» **Source material**:

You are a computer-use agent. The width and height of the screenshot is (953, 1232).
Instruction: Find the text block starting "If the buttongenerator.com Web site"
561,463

==

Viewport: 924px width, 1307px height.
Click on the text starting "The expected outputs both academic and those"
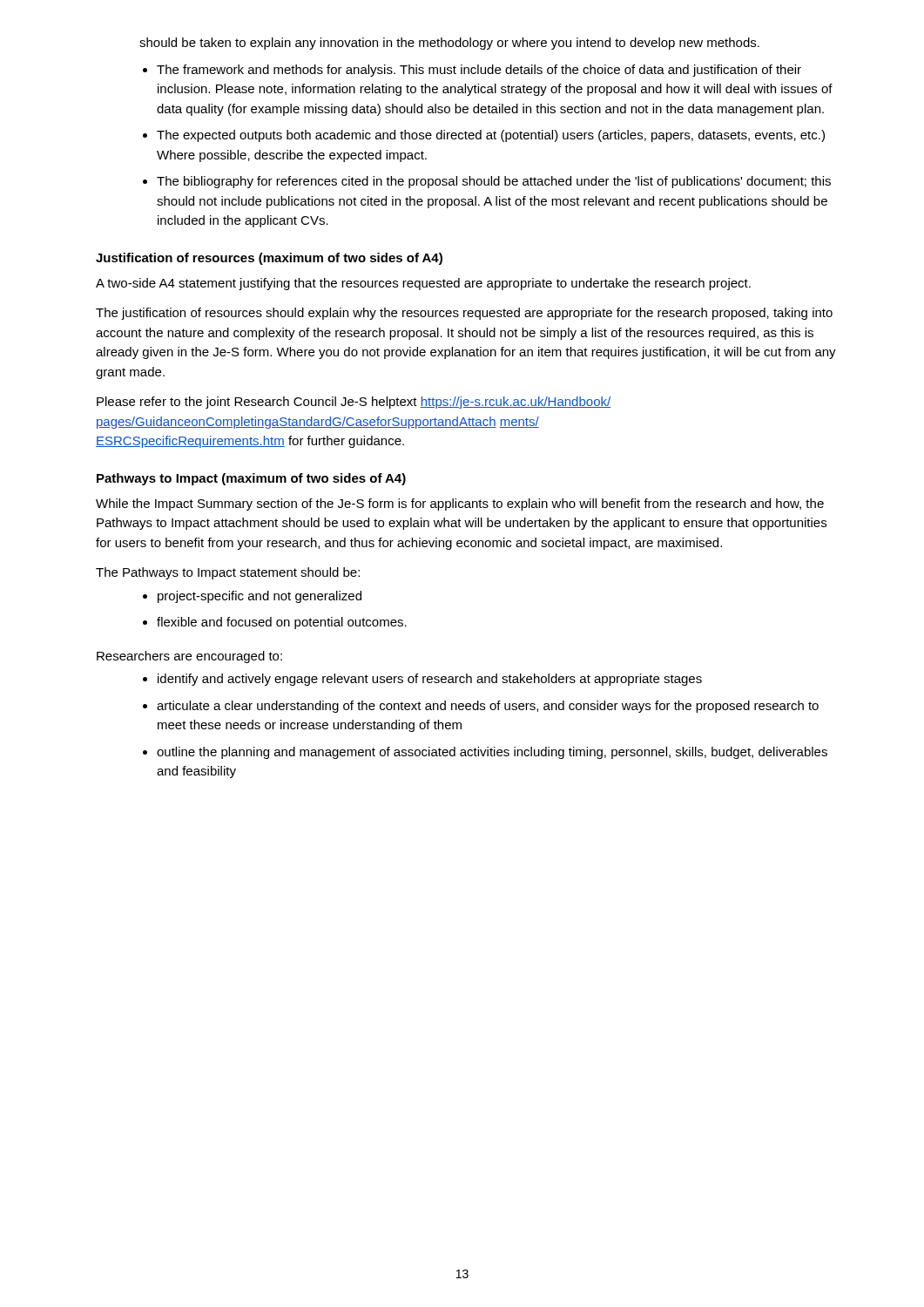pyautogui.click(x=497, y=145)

» **Problem to solve**: Gather every line from the listing above in which "width" appears, and copy those lines.

» **Answer section**:
You are a computer-use agent. The width and height of the screenshot is (953, 1232).
Viewport: 924px width, 1307px height.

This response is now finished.